The Invisible Gorilla: And Other Ways Our Intuitions Deceive Us (21 page)

Just as a lightweight model airplane keeps a few key features of a real airplane but leaves out all the rest, each of these theories represents a particular
model
of how the financial markets work, one that strips down a complex system into a simple one that investors can use to make decisions. Behind most patterns of behavior in our everyday lives are models. They aren’t stated explicitly like the stock market models; rather they consist of implicit assumptions about how things work. When you are walking down a staircase, your brain automatically maintains and updates a model of your physical surroundings that it uses to determine the force and direction of your leg movements. You only become aware of this model when it is wrong—which it is when you expect one more step, only to feel a sudden thud when your foot hits the floor instead of slicing through empty space.

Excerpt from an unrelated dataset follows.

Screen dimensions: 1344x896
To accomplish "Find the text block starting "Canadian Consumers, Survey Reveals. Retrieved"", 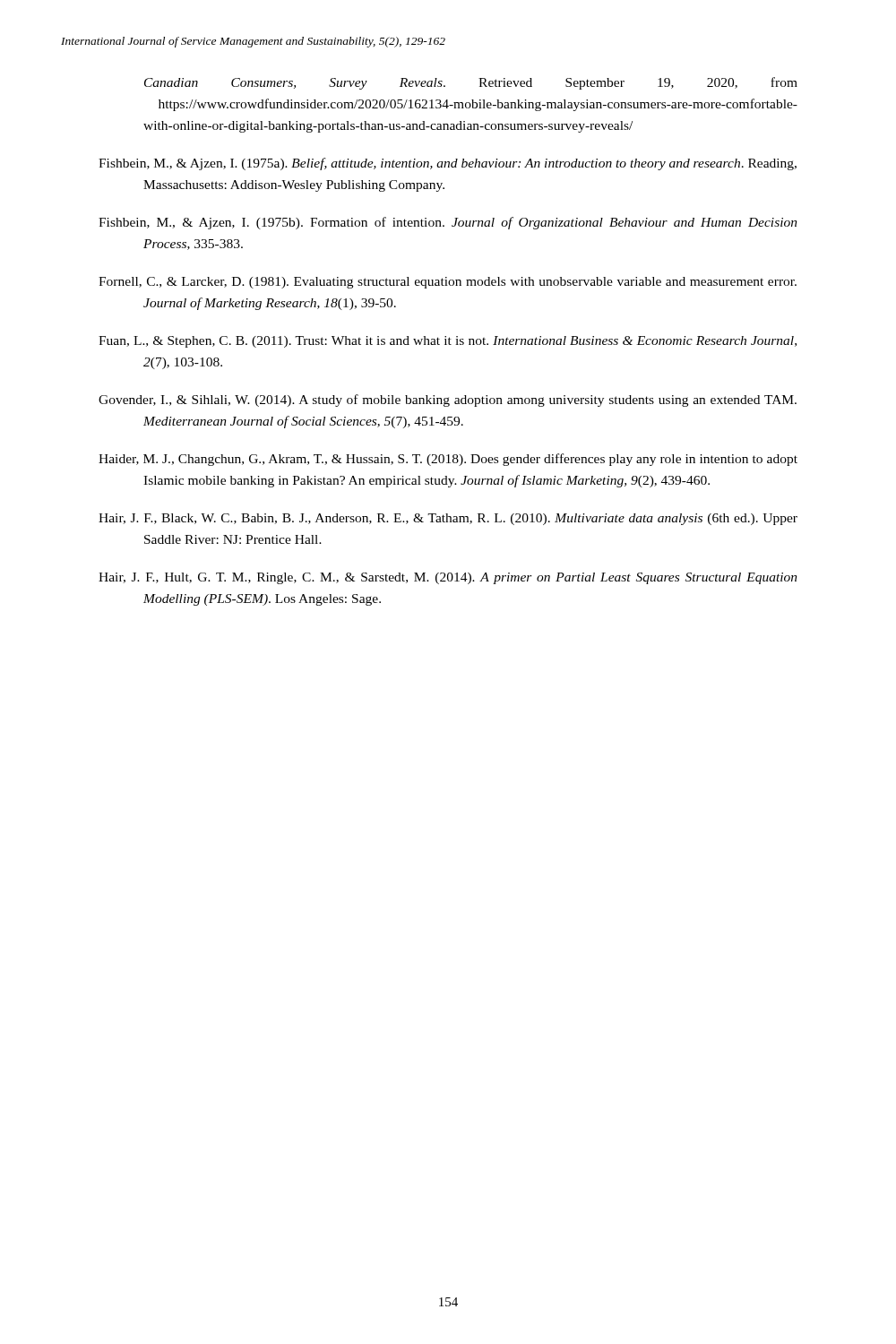I will 448,104.

Albert Einstein is said to have recommended that “everything should be made as simple as possible, but not simpler.” The Foolish Four, the Nifty Fifty, and their ilk unfortunately fall into the “simpler” category. They can’t adapt to changes in market conditions, they don’t account for an inevitable decrease in their profitability when more people adopt the same strategies, and they often assume that trends in historical financial data will recur in the future. By basing their projections so closely on past data patterns (a statistical foible known as “overfitting”), they are almost guaranteed to go wrong once conditions change.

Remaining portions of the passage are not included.